───── GIVEN RECORDS

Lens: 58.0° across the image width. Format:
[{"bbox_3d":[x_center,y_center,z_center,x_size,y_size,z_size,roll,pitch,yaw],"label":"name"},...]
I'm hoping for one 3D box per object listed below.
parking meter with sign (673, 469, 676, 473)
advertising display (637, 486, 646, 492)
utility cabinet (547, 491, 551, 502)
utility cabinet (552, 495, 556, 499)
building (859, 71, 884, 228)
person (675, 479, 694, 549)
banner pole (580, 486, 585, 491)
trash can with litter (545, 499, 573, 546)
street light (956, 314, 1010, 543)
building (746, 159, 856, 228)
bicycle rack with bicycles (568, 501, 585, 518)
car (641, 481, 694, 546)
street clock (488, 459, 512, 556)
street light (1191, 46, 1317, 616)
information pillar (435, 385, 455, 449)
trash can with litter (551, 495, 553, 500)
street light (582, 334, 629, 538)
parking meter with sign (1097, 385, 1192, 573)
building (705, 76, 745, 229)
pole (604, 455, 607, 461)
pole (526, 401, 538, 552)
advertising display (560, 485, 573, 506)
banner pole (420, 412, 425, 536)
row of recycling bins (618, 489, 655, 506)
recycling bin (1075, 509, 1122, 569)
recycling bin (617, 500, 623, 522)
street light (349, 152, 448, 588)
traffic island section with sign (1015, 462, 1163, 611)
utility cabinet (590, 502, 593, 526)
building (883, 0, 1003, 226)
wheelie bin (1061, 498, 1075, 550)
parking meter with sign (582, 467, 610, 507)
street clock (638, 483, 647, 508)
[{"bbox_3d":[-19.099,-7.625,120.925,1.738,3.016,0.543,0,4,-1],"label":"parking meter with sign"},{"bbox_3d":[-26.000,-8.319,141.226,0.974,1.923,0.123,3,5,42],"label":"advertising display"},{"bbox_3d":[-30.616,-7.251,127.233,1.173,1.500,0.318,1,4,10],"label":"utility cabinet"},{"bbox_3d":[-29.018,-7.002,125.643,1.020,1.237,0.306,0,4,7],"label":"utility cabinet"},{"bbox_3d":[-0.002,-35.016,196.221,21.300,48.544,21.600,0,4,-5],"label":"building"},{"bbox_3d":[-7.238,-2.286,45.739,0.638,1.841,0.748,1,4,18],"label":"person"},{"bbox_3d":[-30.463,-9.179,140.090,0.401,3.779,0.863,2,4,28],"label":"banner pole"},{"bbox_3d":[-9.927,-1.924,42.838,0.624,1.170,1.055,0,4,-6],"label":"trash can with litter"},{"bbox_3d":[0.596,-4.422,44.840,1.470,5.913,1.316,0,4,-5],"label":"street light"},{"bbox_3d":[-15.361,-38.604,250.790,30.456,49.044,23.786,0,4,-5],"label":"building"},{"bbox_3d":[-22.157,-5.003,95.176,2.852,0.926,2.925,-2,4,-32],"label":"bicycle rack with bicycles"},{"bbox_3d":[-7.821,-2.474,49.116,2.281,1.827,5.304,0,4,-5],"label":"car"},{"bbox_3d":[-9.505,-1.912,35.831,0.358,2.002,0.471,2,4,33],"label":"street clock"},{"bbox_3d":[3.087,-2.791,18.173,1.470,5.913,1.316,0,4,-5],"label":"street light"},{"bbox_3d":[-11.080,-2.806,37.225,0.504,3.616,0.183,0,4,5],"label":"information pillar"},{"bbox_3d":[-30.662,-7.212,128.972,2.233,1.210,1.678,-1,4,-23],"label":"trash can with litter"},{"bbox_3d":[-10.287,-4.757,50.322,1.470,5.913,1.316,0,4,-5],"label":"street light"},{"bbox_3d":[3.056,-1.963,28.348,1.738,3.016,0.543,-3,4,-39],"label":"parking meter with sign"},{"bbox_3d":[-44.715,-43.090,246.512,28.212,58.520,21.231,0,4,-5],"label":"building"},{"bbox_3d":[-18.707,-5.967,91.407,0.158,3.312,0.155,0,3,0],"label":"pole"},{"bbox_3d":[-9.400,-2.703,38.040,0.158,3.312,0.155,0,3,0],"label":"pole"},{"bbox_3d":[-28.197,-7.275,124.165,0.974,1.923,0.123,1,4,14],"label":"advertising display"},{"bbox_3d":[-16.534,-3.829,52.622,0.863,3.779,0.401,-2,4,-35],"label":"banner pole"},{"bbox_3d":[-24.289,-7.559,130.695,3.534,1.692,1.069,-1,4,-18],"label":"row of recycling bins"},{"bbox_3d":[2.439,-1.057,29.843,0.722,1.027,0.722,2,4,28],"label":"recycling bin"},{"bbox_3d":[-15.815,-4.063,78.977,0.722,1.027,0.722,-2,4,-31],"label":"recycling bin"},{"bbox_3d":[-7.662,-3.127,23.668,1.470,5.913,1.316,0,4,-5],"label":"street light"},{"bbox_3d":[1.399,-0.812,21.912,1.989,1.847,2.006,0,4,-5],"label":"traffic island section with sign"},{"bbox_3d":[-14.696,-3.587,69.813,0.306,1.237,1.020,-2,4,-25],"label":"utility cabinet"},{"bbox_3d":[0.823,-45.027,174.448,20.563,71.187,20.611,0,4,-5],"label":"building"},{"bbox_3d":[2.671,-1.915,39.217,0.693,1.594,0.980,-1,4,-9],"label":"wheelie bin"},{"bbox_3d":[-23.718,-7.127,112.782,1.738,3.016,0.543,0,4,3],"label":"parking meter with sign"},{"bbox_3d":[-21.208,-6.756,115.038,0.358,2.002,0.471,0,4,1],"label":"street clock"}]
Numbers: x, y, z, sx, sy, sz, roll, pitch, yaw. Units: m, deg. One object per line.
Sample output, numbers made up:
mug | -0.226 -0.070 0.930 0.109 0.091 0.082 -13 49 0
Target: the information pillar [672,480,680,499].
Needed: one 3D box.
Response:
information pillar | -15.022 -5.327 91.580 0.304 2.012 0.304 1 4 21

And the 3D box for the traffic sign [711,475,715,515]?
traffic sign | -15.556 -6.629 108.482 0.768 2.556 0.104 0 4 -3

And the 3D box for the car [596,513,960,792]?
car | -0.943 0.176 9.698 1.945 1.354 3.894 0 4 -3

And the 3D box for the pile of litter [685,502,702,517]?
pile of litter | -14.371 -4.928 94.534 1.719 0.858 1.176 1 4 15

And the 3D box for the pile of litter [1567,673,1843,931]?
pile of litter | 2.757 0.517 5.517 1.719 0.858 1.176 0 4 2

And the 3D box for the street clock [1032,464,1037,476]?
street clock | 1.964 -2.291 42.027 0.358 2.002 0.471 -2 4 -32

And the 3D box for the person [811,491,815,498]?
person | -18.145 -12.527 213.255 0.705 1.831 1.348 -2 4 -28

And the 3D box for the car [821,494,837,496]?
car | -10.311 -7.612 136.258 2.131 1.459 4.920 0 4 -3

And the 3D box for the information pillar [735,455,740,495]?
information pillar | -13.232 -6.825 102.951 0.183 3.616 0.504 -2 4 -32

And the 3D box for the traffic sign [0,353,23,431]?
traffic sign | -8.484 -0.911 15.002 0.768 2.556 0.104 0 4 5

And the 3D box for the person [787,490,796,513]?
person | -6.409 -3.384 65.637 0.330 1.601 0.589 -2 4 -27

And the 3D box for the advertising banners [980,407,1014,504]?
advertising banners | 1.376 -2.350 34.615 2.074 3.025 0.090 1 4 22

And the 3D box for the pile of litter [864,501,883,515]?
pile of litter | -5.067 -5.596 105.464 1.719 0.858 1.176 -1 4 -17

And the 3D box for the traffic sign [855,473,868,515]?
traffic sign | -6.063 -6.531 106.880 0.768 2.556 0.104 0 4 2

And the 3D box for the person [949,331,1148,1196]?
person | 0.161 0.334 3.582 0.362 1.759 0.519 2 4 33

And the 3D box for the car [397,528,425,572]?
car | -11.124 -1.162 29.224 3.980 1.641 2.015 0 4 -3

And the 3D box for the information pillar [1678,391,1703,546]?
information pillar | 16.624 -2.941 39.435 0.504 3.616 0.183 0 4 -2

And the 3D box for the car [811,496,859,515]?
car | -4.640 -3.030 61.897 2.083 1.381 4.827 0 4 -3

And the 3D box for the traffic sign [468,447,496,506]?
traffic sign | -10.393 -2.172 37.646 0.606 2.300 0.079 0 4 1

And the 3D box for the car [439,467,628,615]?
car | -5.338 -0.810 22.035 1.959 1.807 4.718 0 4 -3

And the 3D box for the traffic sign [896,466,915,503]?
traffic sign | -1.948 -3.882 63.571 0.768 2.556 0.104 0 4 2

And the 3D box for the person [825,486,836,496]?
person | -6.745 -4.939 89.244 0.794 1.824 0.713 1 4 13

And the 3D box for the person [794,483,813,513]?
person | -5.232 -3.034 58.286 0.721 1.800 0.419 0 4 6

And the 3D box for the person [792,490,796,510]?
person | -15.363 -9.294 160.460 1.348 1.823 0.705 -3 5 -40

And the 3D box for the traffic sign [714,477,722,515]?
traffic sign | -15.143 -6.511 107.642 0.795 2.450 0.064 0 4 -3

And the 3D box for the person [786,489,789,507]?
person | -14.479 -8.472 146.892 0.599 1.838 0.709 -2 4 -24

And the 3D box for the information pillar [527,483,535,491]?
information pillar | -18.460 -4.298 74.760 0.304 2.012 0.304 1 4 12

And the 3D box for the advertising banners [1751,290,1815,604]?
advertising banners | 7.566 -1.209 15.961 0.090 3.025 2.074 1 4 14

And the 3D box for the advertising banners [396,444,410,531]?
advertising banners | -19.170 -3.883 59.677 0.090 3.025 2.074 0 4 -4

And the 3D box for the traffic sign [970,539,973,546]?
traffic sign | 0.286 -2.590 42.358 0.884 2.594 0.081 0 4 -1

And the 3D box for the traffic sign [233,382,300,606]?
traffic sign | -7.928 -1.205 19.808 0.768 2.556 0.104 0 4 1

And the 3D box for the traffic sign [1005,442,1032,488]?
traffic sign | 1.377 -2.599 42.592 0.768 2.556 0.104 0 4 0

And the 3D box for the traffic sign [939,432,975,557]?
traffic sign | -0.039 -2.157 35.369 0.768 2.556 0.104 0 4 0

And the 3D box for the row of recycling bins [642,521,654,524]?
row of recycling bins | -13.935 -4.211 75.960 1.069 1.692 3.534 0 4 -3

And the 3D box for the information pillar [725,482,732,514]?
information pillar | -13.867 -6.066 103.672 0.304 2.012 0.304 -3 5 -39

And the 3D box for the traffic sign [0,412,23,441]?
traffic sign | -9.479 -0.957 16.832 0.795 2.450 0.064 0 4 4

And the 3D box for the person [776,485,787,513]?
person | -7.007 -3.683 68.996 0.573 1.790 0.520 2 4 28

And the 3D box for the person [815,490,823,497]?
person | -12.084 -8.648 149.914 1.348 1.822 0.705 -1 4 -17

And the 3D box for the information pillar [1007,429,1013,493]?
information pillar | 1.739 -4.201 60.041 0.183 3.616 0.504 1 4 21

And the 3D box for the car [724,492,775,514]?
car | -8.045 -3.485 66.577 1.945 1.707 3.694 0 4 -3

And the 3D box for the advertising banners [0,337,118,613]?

──────────

TASK OBJECTIVE
Write the opening line of the data above and every line after it, exactly, stopping once you have written the line with "utility cabinet (547, 491, 551, 502)".

RESPONSE AREA
Lens: 58.0° across the image width. Format:
[{"bbox_3d":[x_center,y_center,z_center,x_size,y_size,z_size,roll,pitch,yaw],"label":"name"},...]
I'm hoping for one 3D box per object listed below.
parking meter with sign (673, 469, 676, 473)
advertising display (637, 486, 646, 492)
utility cabinet (547, 491, 551, 502)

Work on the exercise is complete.